To use these commands from your interactive prompt, you just need to make sure
your shell's PATH environment variable includes the directory where the
commands are installed.  On most systems, these two commands are installed in::

    /usr/bin

However, on Mac OS X, the installation location may be::

    /Library/Frameworks/Python.framework/Versions/Current/bin
    
And on Windows, it may be::

    c:\Program Files\Python
    
Note also that some interactive shells create a cache of commands in order to
execute your requests more quickly.  You may need to force your shell to
re-build that cache.  The csh and tcsh shells are two such examples; you can
make these shells rebuild their caches by running the ``rehash`` command.


Use from Shell Scripts
----------------------

The ``repackage`` and ``poster`` and ``repackageandpost`` and ``tsvtojson`` and
``translatejson`` and ``imagesimilarity`` commands  may be used 
from shell scripts as well.  The only 
requirement for making these  commands available to shell scripts is the same as 
for interactive sessions:  the shell's PATH environment variable must include the 
directory that contains the commands.

Here is a sample shell script that repackages a  Teams JSON file of 20 aggregate
records, and outputs 20 individual Teams JSON files ::

    #!/bin/bash

    for ag in $(ls /data/xdata/Kiva/raw/RAW__json_teams_9Feb2013); do 
        repackage -j $ag -o teams
    done

    
The above shell script assumes that ``repackage`` will be found in
``/usr/local/bin``, ``/usr/bin``, or ``/bin``.  It then loops through
the aggregate teams JSON files from the Kiva raw dataset and then hands
each aggregate JSON file to the repackage script, which unravels those
1234 teams JSON data files into 1234 * 20 = 24680 individual team JSON files.

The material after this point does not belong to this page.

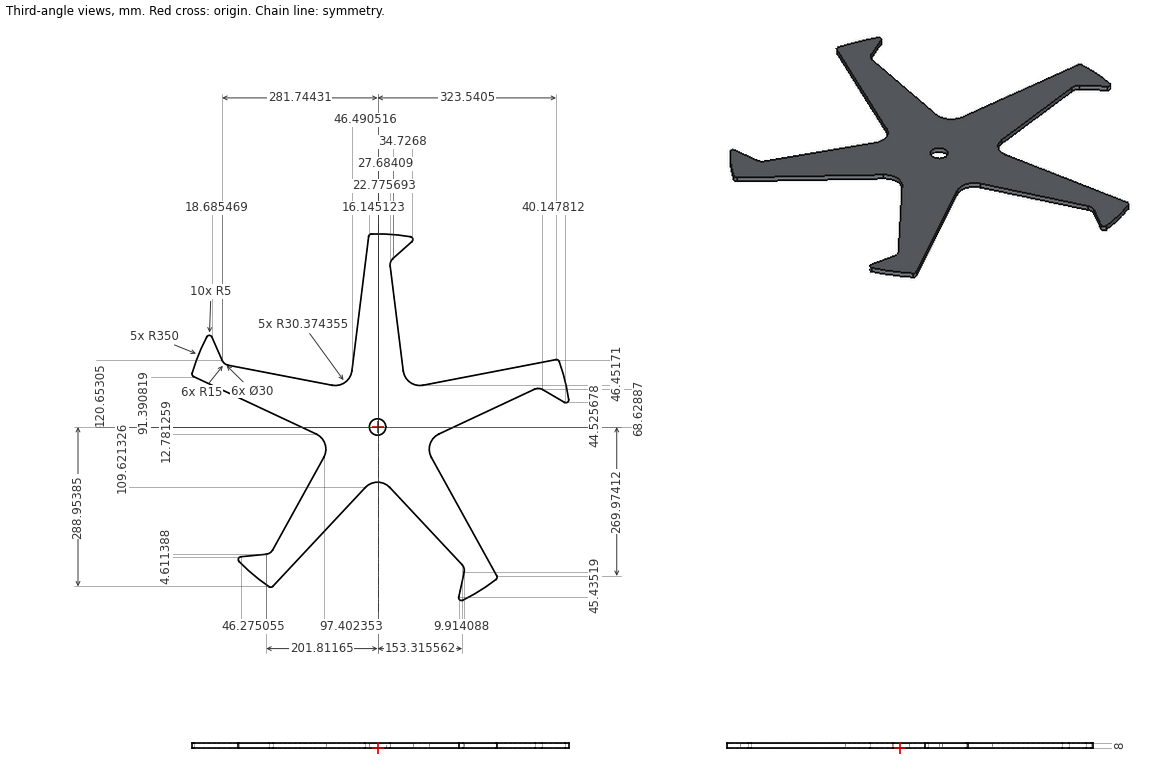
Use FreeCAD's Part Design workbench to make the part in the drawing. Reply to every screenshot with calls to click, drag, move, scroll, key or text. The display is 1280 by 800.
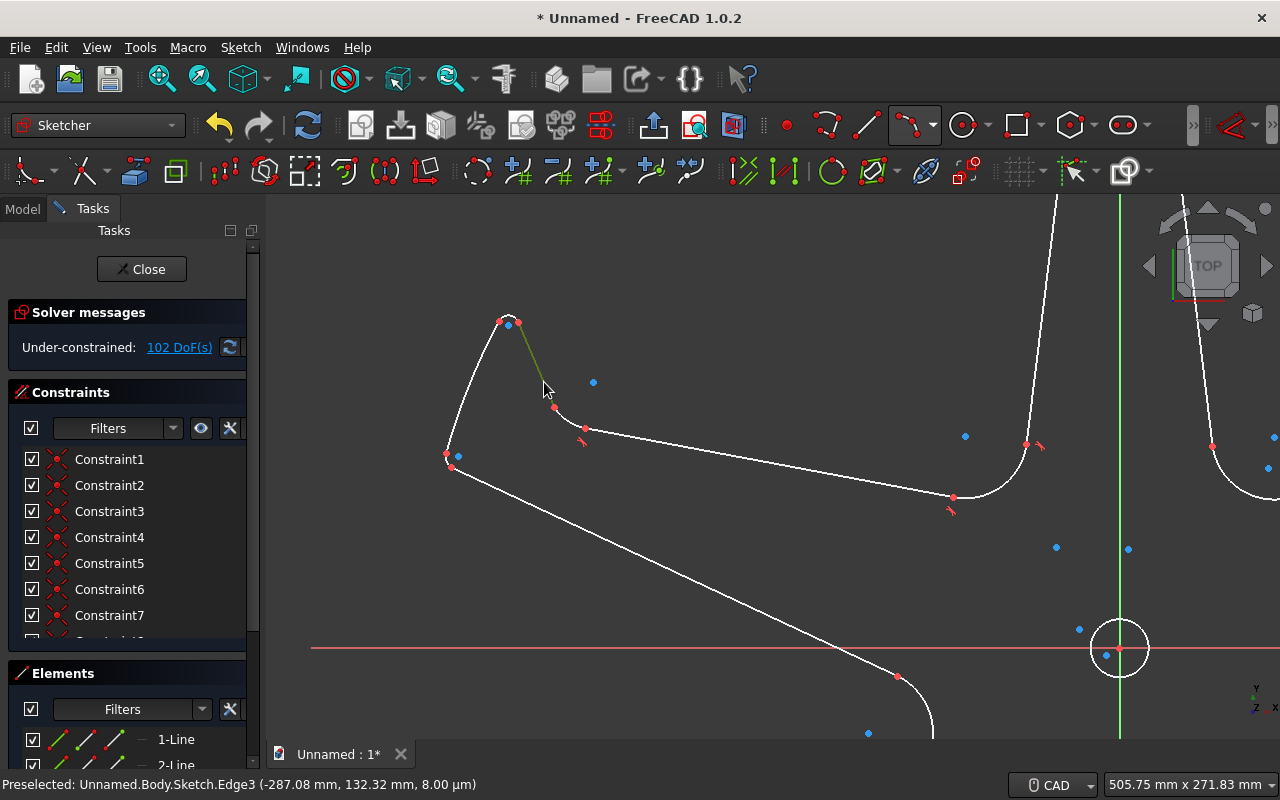
click(562, 416)

The rest of the commands may also be used from a shell script.  

Some example working commands are:

Pipe a single  JSON journal entries file into the repackageandpost script::

echo "/data/xdata/Kiva/raw/RAW__json_journalEntries_04Mar2013/365/191677_journalentries_pg1_retreived-2013_03_04_21_56.json" \
| repackageandpost -u "http://localhost:8080/solr/journalentries/update/json?commit=true" -o journal_entries -v

Take in an input TSV file named computrabajo-ve-20121108.tsv and turn it into a JSON file with a root object named employmentjobs using the provided colheaders.txt file::

tsvtojson -t data/staging/computrabajo-ve-20121108.tsv -j data/jobs/tsvtojson/1/output/computrabajo-ve-20121108.json -c conf/colheaders.txt -o employmentjobs

Extract out the ~9000 or so jobs present in computrabajo-ve-20121108.json under the "employmentjobs" key:

repackage -j ../../../../../data/jobs/tsvtojson/1/output/computrabajo-ve-20121108.json -o employmentjobs

Translate the fields defined in translate.cols in the JSON file named 648c3a4a-22d1-4a43-b0da-9c8e45716e40.json from spanish ("es") to english ("en") and output the translated JSON named 648c3a4a-22d1-4a43-b0da-9c8e45716e40-t.json, using Bing and Apache Tika and the provided credentials:: 

translatejson -i data/jobs/repackager/1/output/648c3a4a-22d1-4a43-b0da-9c8e45716e40.json -j data/jobs/translate/1/output/648c3a4a-22d1-4a43-b0da-9c8e45716e40-t.json -c src/tika-python/lib/translate.cols -p src/tika-python/lib/translator.creds -f es -t en -v

Compute the similarity of images in your $HOME/Pictures directory on Mac:

cd $HOME/Pictures && imagesimilarity -m -f . > similarity-scores.txt


ETLlib Library
===========

The ETLlib Library is a Python-based application programming interface (API) for
munging and processing  JSON data for ETL and analytics. In fact, the commands 
``poster`` and ``repackage`` and ``repackageandpost`` and ``tsvtojson`` and ``translatejson`` 
and ``imagesimilarity`` are implemented using the ETLlib Library.  If 
shell-script programming is not to your taste, and you
know Python, then using the ETLlib Library may be right for you.